Nilanjan Karfa - Jefferies LLC, Research Division

Okay, okay. Canada, I think, is it sitting a Tier 1 of about 26%, 27%?

N. S. Kannan

That's correct.

Nilanjan Karfa - Jefferies LLC, Research Division

All right. Okay. So I think the ROEs -- will there be compressed -- will be compressed for quite some time out there?

N. S. Kannan

Yes, it is about what -- that is why it's a part repatriation growth, a part of business growth. It cannot be just by business growth, we can achieve those ROEs, not possible.

Operator

We have the next question from the line of Prashant Kumar from Crédit Suisse.

Prashant Kumar

Just an extension of a question asked earlier that on your retail portfolio, if you could just give some more color that adjusted for buyout, what was the sequential growth in absolute terms? And also like disbursement per month for say, home loan, auto loan and even credit card and personal, that would be helpful.

Rakesh Jha

So during the quarter, the buyout portfolio declined by INR 20 billion because of repayments on that, so that is the only adjustment which is required on the numbers that we have said.

Prashant Kumar

And so any color on disbursement on home loan, auto loan on a per month basis, just to get an idea of -- in absolute sense that -- what is the growth?

Rakesh Jha

I don't get -- what is the number that you want?

Prashant Kumar

See, sir, our disbursements on home loan, auto loan, per month kind of...

Rakesh Jha

No, we don't -- that we are giving the book as -- I know, at the end of the quarter. Those numbers are there in the presentation. We are not giving out monthly the disbursements in the business. So if you look at the home loan, the book was about INR 596 billion, car loans is about INR 110 billion.

Operator

Your next question is from the line of Sampath Kumar from IndiaInfoline.

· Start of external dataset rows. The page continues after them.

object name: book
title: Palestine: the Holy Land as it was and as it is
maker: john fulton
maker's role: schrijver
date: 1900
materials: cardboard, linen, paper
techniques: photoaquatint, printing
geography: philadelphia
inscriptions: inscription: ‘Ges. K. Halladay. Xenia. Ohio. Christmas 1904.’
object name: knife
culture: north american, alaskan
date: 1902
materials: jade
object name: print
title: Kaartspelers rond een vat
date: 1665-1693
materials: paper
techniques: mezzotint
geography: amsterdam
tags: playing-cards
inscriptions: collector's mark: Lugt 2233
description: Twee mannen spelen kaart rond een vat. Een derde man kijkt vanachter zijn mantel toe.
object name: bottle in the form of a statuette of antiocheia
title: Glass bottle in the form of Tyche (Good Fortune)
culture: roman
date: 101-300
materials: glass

Sampath S. K. Kumar - IIFL Research

In the past, you used to have variation in your margins because of priority sector obligations coming in the fourth quarter. But recently, we don't see that variation. Is there any specific reason?

N. S. Kannan

The one, of course, is that there is a base rate floor, which has come in. Indeed, is that the overall -- some of the lendings which used to qualify for priority sector used to be like lending to corporates, engaged in agriculture and all that. There, the pricing pressure used to be much more. Those anyway no longer qualify for PSN. So it now shows up frankly in a higher shortfall for many of the banks. So in that sense, that is the reason. The impact is still there, but it is a lesser impact which is -- for example, the buyouts that we do in the form of PTCs, those are still at a lower rate than what the rate will be on our overall assets.

Sampath S. K. Kumar - IIFL Research

And as far as your margin guidance goes various to guiding for a 10-basis-point increase on a year-on-year basis for the full year. Would you be confident given the current environment?

N. S. Kannan

Yes. As of now, we are quite confident, Sampath. Yes, of course, we'll have to keep on monitoring what happens to the rates. But some other pieces, like I mentioned earlier, will give a better yield on the asset side also. So we are quite confident of a 10-basis-point expansion.

Sampath S. K. Kumar - IIFL Research

Okay, just one last question. Do you think this healthier levels are sustainable in a domestic business? These are almost 80% now.

N. S. Kannan

Yes, I think it is sustainable because we have operated in that manner and that's quite okay. I don't see any issues there.

Operator

Participants, that was the last question. I would now like to hand the floor back to Mr. N. S. Kannan for comments. Over to you, sir.

N. S. Kannan

Yes. Thank you and thanks for -- this is a little longer call. Thank you for staying back in the call. And any further questions, my team and I, we will be there to answer your questions offline. Thanks very much once again. Bye.

Operator

Thank you, sir. Ladies and gentlemen, on behalf of ICICI Bank, that concludes this conference call. Thank you for joining us. You may now disconnect your lines. Thank you.